YOUR GOAL: Up to and including the line with "#10 box <box>76,154,330,535</box>", return every line from the start of the entries below exactly.

SUPPLIED DATA:
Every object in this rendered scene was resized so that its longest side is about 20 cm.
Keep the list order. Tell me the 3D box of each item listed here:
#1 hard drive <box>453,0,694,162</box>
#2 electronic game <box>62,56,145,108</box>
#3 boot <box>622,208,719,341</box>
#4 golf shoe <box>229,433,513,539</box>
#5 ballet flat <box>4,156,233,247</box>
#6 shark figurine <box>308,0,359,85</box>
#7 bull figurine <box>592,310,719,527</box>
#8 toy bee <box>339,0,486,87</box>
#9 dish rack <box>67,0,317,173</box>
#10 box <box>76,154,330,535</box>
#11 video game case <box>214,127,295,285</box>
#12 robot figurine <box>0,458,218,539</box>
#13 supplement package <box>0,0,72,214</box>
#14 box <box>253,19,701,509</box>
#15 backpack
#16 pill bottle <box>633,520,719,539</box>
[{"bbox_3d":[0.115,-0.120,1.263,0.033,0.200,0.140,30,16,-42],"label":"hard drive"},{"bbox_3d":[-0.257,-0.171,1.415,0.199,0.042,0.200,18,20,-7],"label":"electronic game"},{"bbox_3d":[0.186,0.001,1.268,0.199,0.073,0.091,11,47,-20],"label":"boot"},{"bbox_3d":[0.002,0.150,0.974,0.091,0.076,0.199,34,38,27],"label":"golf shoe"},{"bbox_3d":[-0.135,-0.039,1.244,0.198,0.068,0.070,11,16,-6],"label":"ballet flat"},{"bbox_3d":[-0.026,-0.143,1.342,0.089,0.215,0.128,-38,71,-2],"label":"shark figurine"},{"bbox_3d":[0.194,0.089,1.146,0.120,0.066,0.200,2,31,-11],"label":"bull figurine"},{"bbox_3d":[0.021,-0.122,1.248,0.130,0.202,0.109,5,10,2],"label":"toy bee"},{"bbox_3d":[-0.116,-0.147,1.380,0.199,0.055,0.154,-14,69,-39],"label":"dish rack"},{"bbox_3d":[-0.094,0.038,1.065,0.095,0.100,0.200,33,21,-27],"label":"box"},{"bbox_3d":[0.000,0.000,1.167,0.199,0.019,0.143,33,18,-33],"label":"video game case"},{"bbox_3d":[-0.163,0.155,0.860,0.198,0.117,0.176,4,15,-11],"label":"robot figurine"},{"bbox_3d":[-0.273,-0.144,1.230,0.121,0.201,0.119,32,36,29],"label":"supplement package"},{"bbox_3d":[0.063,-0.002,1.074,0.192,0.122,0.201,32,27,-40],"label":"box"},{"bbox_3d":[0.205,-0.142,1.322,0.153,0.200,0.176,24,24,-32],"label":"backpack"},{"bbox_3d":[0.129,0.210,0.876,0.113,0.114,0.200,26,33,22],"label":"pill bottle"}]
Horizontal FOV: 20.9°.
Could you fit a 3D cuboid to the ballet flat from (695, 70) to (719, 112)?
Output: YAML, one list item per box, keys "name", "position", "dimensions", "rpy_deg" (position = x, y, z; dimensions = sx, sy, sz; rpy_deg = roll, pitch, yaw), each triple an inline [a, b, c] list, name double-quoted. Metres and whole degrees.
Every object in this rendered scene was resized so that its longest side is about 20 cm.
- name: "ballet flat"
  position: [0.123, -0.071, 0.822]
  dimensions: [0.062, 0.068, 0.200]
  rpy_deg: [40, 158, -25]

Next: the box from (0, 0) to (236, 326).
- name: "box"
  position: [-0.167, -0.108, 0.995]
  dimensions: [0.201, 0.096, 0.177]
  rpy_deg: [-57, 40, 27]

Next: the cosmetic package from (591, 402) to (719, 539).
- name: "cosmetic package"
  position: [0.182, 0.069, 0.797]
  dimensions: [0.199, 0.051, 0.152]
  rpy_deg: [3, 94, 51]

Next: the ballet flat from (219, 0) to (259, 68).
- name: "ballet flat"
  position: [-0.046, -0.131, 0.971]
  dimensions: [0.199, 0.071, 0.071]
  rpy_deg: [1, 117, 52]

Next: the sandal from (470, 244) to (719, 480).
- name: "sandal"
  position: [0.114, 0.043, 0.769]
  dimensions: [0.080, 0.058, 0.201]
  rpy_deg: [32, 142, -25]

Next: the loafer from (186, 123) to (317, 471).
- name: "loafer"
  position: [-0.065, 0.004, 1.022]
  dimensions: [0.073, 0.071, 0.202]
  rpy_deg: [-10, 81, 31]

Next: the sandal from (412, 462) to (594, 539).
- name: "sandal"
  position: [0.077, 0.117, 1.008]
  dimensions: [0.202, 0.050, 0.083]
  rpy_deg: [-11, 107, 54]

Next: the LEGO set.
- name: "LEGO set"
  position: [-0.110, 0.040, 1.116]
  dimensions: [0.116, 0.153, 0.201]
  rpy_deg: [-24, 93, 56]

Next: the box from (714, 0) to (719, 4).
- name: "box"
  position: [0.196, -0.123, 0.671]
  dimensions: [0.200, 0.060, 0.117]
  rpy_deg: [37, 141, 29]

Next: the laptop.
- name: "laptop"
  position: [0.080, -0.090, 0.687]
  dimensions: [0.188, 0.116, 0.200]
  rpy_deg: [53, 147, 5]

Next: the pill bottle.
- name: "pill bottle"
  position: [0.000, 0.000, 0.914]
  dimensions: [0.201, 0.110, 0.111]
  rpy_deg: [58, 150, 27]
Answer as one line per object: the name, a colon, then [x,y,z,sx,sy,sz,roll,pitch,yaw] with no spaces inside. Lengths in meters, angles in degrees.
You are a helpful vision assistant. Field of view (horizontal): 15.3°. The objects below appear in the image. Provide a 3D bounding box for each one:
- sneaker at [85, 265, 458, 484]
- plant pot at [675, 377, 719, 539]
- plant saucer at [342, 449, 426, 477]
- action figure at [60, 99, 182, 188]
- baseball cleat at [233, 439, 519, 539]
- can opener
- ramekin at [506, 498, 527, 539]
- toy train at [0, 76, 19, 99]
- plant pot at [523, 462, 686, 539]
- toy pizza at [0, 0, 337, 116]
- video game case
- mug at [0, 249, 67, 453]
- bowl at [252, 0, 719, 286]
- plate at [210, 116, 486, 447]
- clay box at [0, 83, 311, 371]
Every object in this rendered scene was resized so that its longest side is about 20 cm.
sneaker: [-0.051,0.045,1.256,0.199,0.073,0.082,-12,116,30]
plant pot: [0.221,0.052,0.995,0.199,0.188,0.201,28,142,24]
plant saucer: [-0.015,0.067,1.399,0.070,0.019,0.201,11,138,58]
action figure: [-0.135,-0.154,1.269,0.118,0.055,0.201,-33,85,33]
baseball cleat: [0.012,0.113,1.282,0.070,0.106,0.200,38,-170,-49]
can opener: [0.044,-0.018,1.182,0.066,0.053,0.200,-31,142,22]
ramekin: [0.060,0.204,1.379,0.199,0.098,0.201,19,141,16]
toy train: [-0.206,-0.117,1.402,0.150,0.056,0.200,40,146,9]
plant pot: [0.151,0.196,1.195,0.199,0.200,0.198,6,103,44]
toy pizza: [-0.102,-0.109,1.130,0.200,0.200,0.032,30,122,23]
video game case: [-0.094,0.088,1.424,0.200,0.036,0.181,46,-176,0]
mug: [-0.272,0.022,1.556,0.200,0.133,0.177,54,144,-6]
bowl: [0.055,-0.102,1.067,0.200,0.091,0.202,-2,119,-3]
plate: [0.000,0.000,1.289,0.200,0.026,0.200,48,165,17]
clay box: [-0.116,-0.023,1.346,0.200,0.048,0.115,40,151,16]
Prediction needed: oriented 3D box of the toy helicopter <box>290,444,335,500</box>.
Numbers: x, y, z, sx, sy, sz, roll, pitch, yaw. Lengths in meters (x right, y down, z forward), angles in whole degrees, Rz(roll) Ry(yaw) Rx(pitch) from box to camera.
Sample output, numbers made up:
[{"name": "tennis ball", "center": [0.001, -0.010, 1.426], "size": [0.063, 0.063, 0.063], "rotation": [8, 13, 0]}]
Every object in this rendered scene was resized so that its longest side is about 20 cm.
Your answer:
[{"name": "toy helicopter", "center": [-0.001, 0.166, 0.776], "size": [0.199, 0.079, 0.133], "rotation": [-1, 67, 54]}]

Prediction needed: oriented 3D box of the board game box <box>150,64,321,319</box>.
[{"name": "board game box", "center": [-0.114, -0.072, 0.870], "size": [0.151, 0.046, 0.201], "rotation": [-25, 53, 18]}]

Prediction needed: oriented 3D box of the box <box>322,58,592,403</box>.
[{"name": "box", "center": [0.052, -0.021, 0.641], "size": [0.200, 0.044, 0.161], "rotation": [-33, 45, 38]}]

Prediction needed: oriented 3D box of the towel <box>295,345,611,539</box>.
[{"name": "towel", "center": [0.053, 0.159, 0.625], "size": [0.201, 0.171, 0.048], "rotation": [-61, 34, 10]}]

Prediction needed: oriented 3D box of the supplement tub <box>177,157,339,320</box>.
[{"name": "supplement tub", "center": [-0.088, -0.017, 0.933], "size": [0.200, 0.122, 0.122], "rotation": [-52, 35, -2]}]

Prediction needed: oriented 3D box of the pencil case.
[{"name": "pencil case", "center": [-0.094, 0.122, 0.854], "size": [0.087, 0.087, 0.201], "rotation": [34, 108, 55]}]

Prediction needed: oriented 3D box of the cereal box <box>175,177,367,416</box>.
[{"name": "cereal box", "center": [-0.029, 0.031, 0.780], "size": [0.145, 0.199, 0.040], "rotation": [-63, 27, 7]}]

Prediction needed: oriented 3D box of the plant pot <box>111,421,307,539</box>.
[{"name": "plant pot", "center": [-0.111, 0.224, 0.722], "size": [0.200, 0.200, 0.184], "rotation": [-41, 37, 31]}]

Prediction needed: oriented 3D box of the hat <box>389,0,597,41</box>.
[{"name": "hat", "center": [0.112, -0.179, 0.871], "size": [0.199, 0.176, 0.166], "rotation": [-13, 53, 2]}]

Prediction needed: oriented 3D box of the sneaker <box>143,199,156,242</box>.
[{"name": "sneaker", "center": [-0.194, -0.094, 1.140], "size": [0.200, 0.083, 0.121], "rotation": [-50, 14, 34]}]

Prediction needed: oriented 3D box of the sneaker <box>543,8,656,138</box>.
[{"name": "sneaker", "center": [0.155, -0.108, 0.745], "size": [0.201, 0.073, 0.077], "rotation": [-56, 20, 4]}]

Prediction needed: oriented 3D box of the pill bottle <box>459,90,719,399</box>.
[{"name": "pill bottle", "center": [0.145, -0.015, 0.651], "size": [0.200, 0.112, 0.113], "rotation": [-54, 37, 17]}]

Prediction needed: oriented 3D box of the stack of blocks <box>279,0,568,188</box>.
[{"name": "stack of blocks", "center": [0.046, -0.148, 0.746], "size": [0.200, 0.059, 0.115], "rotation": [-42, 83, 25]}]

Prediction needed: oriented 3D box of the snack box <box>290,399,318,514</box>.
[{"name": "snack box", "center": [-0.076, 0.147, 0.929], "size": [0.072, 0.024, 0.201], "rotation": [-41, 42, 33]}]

SOLUTION FOR THIS EXERCISE:
Every object in this rendered scene was resized so that its longest side is about 20 cm.
Keep the list order. Tell me the 3D box of each item listed here:
#1 hard drive <box>453,0,694,162</box>
#2 electronic game <box>62,56,145,108</box>
#3 boot <box>622,208,719,341</box>
#4 golf shoe <box>229,433,513,539</box>
#5 ballet flat <box>4,156,233,247</box>
#6 shark figurine <box>308,0,359,85</box>
#7 bull figurine <box>592,310,719,527</box>
#8 toy bee <box>339,0,486,87</box>
#9 dish rack <box>67,0,317,173</box>
#10 box <box>76,154,330,535</box>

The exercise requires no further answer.